What you need to do: This exercise calls for every line of the listing below that contains the word "degrees".

═════ Records to use ═════

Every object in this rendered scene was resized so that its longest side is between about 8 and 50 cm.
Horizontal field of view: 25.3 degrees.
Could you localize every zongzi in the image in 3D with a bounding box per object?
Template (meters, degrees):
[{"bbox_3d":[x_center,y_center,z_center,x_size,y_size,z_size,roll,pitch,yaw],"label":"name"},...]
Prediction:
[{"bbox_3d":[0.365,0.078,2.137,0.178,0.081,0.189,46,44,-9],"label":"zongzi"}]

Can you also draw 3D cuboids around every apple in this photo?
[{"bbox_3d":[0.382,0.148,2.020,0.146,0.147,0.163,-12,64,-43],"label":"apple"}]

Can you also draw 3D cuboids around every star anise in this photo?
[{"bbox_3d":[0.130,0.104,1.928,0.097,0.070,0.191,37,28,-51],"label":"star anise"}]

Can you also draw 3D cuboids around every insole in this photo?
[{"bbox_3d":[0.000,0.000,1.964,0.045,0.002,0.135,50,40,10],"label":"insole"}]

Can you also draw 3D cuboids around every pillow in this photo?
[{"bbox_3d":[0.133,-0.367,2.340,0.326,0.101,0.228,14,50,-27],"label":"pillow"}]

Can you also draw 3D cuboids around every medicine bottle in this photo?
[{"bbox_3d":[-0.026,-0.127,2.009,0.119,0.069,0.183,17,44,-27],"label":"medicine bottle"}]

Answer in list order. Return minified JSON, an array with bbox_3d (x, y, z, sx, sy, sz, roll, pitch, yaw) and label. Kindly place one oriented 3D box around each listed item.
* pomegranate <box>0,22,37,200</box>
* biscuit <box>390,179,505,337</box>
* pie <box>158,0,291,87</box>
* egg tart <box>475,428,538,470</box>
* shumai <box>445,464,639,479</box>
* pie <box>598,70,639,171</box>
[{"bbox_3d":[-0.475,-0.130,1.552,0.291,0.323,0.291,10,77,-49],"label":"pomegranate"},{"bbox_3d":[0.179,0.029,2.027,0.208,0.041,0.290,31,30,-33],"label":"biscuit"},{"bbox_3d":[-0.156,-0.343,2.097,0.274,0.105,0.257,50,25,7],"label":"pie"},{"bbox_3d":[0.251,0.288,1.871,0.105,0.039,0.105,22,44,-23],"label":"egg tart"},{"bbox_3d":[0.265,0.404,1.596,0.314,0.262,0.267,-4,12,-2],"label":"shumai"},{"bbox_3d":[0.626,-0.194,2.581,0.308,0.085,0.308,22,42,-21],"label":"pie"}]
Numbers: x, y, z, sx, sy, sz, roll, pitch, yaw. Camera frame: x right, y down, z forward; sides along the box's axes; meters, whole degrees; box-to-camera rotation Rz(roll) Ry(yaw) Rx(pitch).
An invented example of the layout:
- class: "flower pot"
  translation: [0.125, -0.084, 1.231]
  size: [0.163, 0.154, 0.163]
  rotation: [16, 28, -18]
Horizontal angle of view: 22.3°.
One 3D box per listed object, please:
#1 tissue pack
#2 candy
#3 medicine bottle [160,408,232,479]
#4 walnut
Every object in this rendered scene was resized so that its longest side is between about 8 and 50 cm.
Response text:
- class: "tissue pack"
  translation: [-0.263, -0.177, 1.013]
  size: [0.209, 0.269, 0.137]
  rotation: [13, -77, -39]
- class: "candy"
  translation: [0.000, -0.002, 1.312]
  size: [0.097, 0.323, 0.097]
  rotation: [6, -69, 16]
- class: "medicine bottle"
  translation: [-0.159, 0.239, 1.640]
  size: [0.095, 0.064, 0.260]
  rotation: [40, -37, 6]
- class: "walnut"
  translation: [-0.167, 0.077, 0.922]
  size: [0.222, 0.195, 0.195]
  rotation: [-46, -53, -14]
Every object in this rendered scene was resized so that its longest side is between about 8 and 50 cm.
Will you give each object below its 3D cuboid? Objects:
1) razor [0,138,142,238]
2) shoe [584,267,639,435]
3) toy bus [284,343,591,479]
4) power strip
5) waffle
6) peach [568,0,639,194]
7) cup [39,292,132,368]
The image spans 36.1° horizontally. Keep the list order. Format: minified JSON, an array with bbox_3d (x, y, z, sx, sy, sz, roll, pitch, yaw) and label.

═════

Solved problem:
Horizontal field of view: 25.3 degrees.
Template (meters, degrees):
Numbers: x, y, z, sx, sy, sz, roll, pitch, yaw. Camera frame: x right, y down, z forward; sides along the box's axes; meters, whole degrees; box-to-camera rotation Rz(roll) Ry(yaw) Rx(pitch).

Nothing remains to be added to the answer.